PROBLEM.
Exactly those lines running from the one containing "8.4 s after image 1." to the end of the material are to be printed, and no others.

GIVEN RECORDS.

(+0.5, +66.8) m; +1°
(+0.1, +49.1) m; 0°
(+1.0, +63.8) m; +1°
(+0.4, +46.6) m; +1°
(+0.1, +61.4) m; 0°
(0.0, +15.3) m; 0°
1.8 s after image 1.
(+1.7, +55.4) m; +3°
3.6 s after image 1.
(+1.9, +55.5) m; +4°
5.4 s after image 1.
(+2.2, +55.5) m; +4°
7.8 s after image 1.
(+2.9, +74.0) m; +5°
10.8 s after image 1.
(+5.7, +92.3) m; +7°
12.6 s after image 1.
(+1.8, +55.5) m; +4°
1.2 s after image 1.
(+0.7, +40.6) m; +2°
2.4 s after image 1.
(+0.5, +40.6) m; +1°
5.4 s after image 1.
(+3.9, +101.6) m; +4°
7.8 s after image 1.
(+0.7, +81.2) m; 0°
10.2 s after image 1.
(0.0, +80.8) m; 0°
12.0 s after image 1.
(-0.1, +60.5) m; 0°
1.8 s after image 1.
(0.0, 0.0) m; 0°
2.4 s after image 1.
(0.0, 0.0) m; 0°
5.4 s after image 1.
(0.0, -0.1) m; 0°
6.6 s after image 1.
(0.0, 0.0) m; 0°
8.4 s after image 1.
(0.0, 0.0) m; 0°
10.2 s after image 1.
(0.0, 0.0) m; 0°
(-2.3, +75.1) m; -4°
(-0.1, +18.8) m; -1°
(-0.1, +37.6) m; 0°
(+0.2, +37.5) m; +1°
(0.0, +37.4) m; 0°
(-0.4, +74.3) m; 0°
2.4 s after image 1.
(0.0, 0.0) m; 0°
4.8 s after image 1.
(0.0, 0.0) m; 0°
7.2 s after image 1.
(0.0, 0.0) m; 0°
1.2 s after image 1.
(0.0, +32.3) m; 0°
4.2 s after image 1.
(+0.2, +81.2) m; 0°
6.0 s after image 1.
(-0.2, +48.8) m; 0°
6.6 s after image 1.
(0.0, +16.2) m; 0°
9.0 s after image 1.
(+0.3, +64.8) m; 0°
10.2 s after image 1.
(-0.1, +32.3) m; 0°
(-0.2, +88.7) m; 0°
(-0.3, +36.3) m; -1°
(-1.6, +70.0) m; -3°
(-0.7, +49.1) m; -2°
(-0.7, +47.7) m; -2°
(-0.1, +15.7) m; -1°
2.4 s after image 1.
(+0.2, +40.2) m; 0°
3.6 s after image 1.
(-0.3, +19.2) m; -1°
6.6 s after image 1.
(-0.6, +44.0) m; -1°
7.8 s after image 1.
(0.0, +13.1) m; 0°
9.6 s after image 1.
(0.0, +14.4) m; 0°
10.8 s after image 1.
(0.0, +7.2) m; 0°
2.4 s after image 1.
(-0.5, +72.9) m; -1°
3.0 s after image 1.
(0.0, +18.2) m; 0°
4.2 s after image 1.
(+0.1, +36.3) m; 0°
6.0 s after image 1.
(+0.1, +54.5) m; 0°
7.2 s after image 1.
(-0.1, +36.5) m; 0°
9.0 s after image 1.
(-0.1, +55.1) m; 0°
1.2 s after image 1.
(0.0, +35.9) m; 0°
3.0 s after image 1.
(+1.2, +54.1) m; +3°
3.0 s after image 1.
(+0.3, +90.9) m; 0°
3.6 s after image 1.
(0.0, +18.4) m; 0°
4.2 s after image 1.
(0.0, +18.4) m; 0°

EXPECTED ANSWER.
8.4 s after image 1.
(0.0, 0.0) m; 0°
10.2 s after image 1.
(0.0, 0.0) m; 0°
(-2.3, +75.1) m; -4°
(-0.1, +18.8) m; -1°
(-0.1, +37.6) m; 0°
(+0.2, +37.5) m; +1°
(0.0, +37.4) m; 0°
(-0.4, +74.3) m; 0°
2.4 s after image 1.
(0.0, 0.0) m; 0°
4.8 s after image 1.
(0.0, 0.0) m; 0°
7.2 s after image 1.
(0.0, 0.0) m; 0°
1.2 s after image 1.
(0.0, +32.3) m; 0°
4.2 s after image 1.
(+0.2, +81.2) m; 0°
6.0 s after image 1.
(-0.2, +48.8) m; 0°
6.6 s after image 1.
(0.0, +16.2) m; 0°
9.0 s after image 1.
(+0.3, +64.8) m; 0°
10.2 s after image 1.
(-0.1, +32.3) m; 0°
(-0.2, +88.7) m; 0°
(-0.3, +36.3) m; -1°
(-1.6, +70.0) m; -3°
(-0.7, +49.1) m; -2°
(-0.7, +47.7) m; -2°
(-0.1, +15.7) m; -1°
2.4 s after image 1.
(+0.2, +40.2) m; 0°
3.6 s after image 1.
(-0.3, +19.2) m; -1°
6.6 s after image 1.
(-0.6, +44.0) m; -1°
7.8 s after image 1.
(0.0, +13.1) m; 0°
9.6 s after image 1.
(0.0, +14.4) m; 0°
10.8 s after image 1.
(0.0, +7.2) m; 0°
2.4 s after image 1.
(-0.5, +72.9) m; -1°
3.0 s after image 1.
(0.0, +18.2) m; 0°
4.2 s after image 1.
(+0.1, +36.3) m; 0°
6.0 s after image 1.
(+0.1, +54.5) m; 0°
7.2 s after image 1.
(-0.1, +36.5) m; 0°
9.0 s after image 1.
(-0.1, +55.1) m; 0°
1.2 s after image 1.
(0.0, +35.9) m; 0°
3.0 s after image 1.
(+1.2, +54.1) m; +3°
3.0 s after image 1.
(+0.3, +90.9) m; 0°
3.6 s after image 1.
(0.0, +18.4) m; 0°
4.2 s after image 1.
(0.0, +18.4) m; 0°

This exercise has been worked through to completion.